Publicado por congregacion

Tema 3. Cantalamessa. María, Espejode la Iglesia. Valencia 2004, 72-81

«¡Hija de tu Hijo!»: una contemplación de la Madre de Dios.

Vamos a realizar una aproximación al dogma de la maternidad divina de María: una aproximación contemplativa. Contemplar no es buscar la verdad, sino gozar de la verdad hallada saboreando toda su riqueza y profundidad. Se ha escrito que los dogmas de la Iglesia antigua son como «damas y gallardos caballeros que duermen en un castillo encantado; basta reavivarlos para que se pongan pie con toda su gloria». El dogma de la maternidad divina de María es uno de éstos: nos toca a nosotros reavivarlo ahora con la ayuda del soplo del Espíritu Santo que es el que siempre vuelve a dar vida a los huesos inertes. Del mismo modo que el sol sale cada día nuevo con todo su fulgor como si fuese la primera mañana de la Creación llenando de luz los ojos de los hijos del hombre, así también debería ocurrir con las verdades de fe para que sean eficaces.
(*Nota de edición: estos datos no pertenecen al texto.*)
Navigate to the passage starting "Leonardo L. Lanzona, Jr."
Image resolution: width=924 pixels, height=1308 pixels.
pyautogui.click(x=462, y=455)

Tratemos, pues, de dirigir «una mirada libre, penetrante, afectiva e inmóvil» (esto es lo que significa contemplar) a la Madre de Dios, teniendo ante los ojos, si es posible, este misterio. Descubriremos poco a poco la riqueza tan grande que esconde este título de Madre de Dios que nos habla, a la vez, de Jesús, de Dios y de María.
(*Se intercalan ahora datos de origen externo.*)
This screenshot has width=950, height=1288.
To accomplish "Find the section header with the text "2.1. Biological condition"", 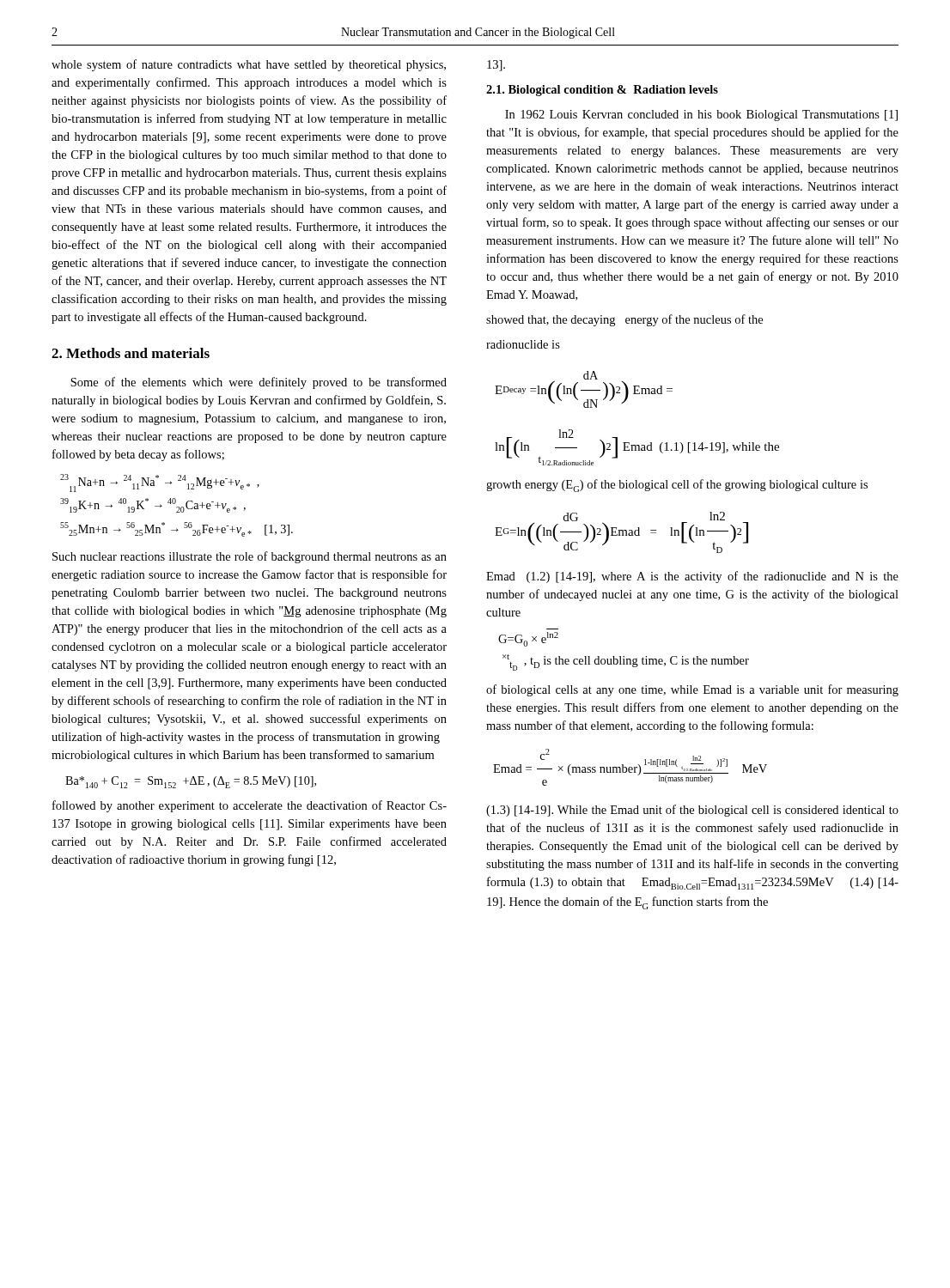I will 602,89.

«Madre de Dios» nos habla de Jesús

«Madre de Dios» fue en su origen un título que concernía más a Jesús que a la Virgen. Como hemos visto al trazar la historia del título, éste nos dice de Jesús, ante todo, que él es verdadero hombre: «¿Por qué decimos que Cristo es hombre si no es porque ha nacido de María que es una criatura humana?». No sólo que es hombre en cuanto a la esencia, sino también en cuanto a la existencia porque ha querido compartir no sólo la naturaleza genéricamente, sino también la experiencia del hombre. Ha vivido la aventura humana en toda su profundidad: «Se habla a menudo -dice el Señor- de la imitación de Jesucristo que es la imitación, la fiel imitación, de mi hijo por parte de los hombres… Pero no hay que olvidar que mi hijo había comenzado con aquella singular imitación del hombre; imitación singularmente fiel. No hay que olvidar que esta fue empujada hasta la perfecta identidad, cuando tan fielmente, tan perfectamente imitó el nacimiento y el sufrimiento; la vida y la muerte». El aspecto más difícil de aceptar de esta imitación del hombre por parte de Cristo fue, al principio, precisamente el ser concebido y nacer de una mujer. A uno de los herejes de los primeros siglos se estremecía ante la sola idea de un Dios «contenido en el útero, alumbrado entre dolores, lavado, vendado…»; le respondía Tertuliano: “Cristo ha amado al hombre y, junto con el hombre, ha amado también su modo de venir al mundo». Este objeto natural de veneración – añadía dirigiéndose al hereje- que es el nacimiento de un hombre y los dolores de parto de una mujer, tú lo desprecias y, sin embargo, ¿cómo has nacido?”.

El título «Madre de Dios» nos indica, en segundo lugar, que Jesús es Dios. Sólo si Jesús es considerado no como un simple hombre -aunque fuese el más grande de los profetas- sino también como Dios, es posible llamar a María «Madre de Dios». Si no es así, se le podrá llamar Madre de Jesús, o de Cristo, pero no de Dios. El título «Madre de Dios» es como una mirilla o un centinela porque vela para que el título «Dios» dado a Jesús no sea vaciado de significado. El título «Madre de Dios» no es justificable e incluso se convierte en blasfemo cuando se deja de reconocer a Jesús como el Dios hecho hombre. Pensándolo bien, es el único que puede impedir cualquier ambigüedad respecto a la divinidad de Jesús porque es un centinela puesto por la misma naturaleza y no por la simple reflexión filosófica o teológica (como lo es, en cambio, el título homoousios). Uno puede llamar Dios a Jesús entendiendo por Dios -como, por desgracia, sucede también en nuestros días- realidades muy distintas: Dios por adopción, Dios por inhabitación, Dios por llamarle de algún modo. Pero en este caso ya no puede continuar llamando a María, Madre de Dios. Ella es Madre de Dios sólo si Jesús es Dios desde el mismo momento en que nace de ella. Lo que viene después ya no concierne a la madre en cuanto tal. No se puede decir que María es Madre de Dios si no entendemos por «Dios» lo que entendió la Iglesia en Nicea y en Calcedonia.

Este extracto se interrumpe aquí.